Decreasing the pHi in tumor cells was proposed as a therapeutic strategy to treat cancer as it leads to growth arrest largely due to mTOR inhibition (6, 12). In Wnt-addicted tumor cells, lowering the pHi was recently shown to inhibit Wnt signaling, as reported here for differentiating tail bud cells (30). Thus, our findings further emphasize the tight similarity between the developing tail bud cells and cancer cells that exhibit high Warburg metabolism resulting in high pHi and low pHe (6).

METHODS

Chicken embryo culture

All animal experiments were performed in accordance to all relevant guidelines and regulations. The office for protection from Research Risks (OPRR) has interpreted “live vertebrate animal” to apply to avians (e.g., chick embryos) only after hatching. All of the studies proposed in this project only concern early developmental stages (prior to 5 days of incubation), therefore no IACUC approved protocol is required. Fertilized chicken eggs were obtained from commercial sources. Eggs were incubated at 38 °C in a humidified incubator, and embryos were staged according to Hamburger and Hamilton (HH) (11). We cultured chicken embryos mainly from stage 9HH at 37°C on a ring of whatman paper on agar plates as described in the EC culture protocol (31). Chemically-defined plates (3.5 mm petridish X25) were produced by combining an agarose solution (0.15 g agarose melted by heating in 25 ml ddH2O (MilliQ)), and 25ml 2XDPBS solution with 8.3mM, 0.83mM, and 0mM glucose. For chemically-defined medium, a 2X PBS solution (pH5.3, pH6.0, pH7.2, pH7.6) was prepared by combining 50 ml 10XDPBS (Sigma; D1283) and 450ml of ddH2O, adding (0g: pH5.3, 0.15g: pH6.0, 0.6g: pH7.2, 1.5g: pH7.6) sodium bicarbonate (Sigma, S5761) and 2.5 ml Penicillin-Streptomycin solution (Gibco (10,000 U/mL)). Embryos were prepared on a ring paper as for EC culture and incubated on the agarose plates in 2 ml of chemically-defined medium. For drug treatments, 2mM 2DG (2-Deoxy-D-glucose; Sigma), 5mM CNCn (4-Chloro-α-cyanocinnamic acid; Sigma) and 10mM sodium acetate (Sigma) were mixed to Chemically-defined plate (8.3mM glucose PBS-plate, pH7.2).

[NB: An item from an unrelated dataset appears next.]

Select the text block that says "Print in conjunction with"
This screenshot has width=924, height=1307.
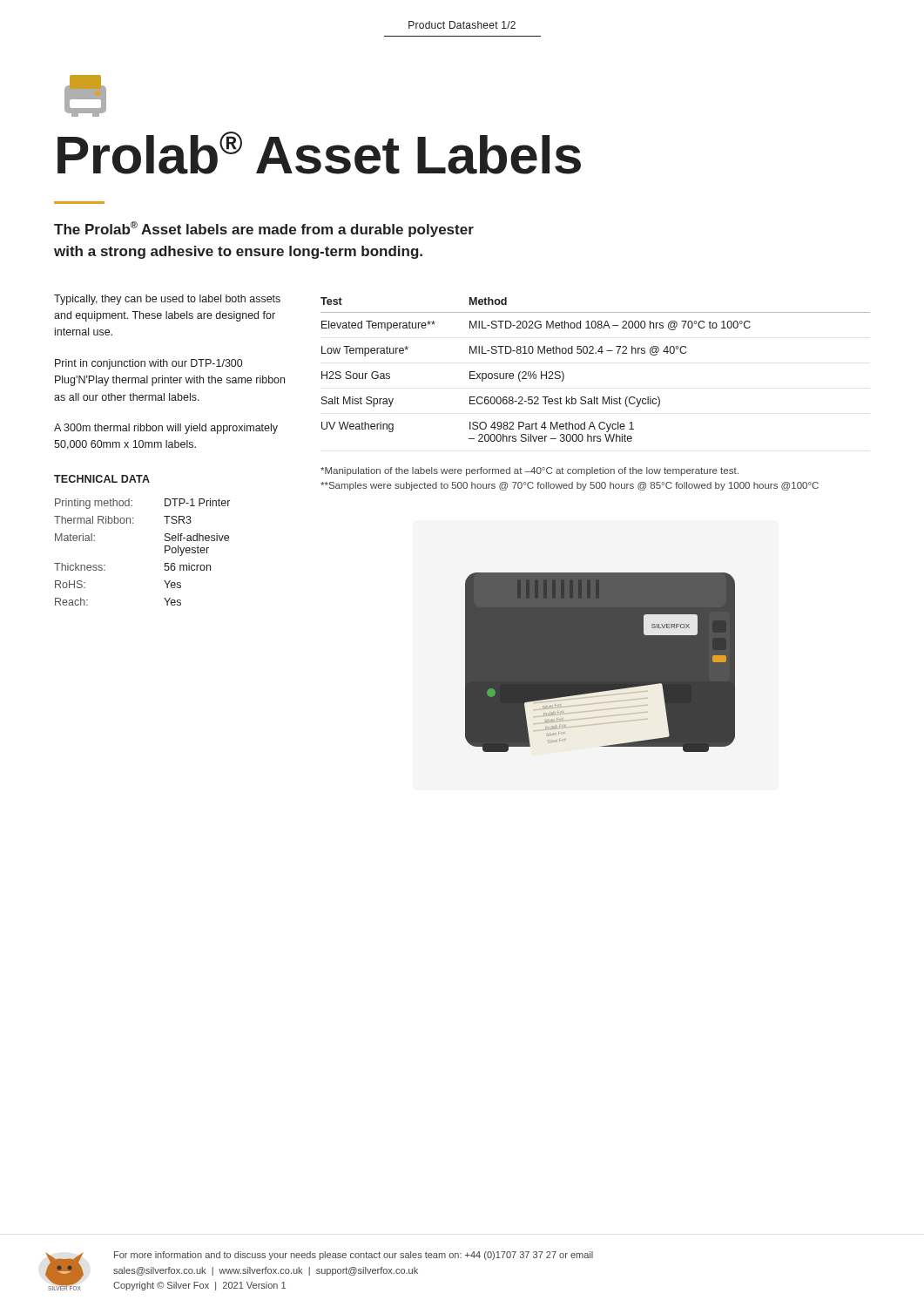170,380

Time-lapse microscopy and axis elongation measurements

Stage 9HH chicken embryos were cultured ventral side up on a microscope stage using a custom built time-lapse station (1). We used a computer controlled, wide-field (10× objective) epifluorescent microscope (Leica DMR) workstation, equipped with a motorized stage and cooled digital camera (QImaging Retiga 1300i), to acquire 12-bit grayscale intensity images (492 × 652 pixels). For each embryo, several images corresponding to different focal planes and different fields were captured at each single time-point (frame). The acquisition rate used was 10 frames per hour (6 min between frames). To quantify axis elongation length, the last formed somite at the beginning of the time-lapse experiment was taken as a reference point, and the position of the Hensen’s Node with respect to this somite was tracked as a function of time using the manual tracking plug-in in Image J (32).

Whole mount in-situ hybridization

Stage 9HH embryos were cultured at 38 °C in chemically-defined medium. After 10 h of incubation, embryos were fixed in 4% paraformaldehyde (PFA). Whole mount in situ hybridization was carried out as described (33). Probes for AXIN2 (34), CMESPO (Mesogenin1)(35), SOX2 and SAX1 (36) have been described. Probes for MCT1 (SLC16A1) were generated from chicken embryo cDNA by PCR using published sequences.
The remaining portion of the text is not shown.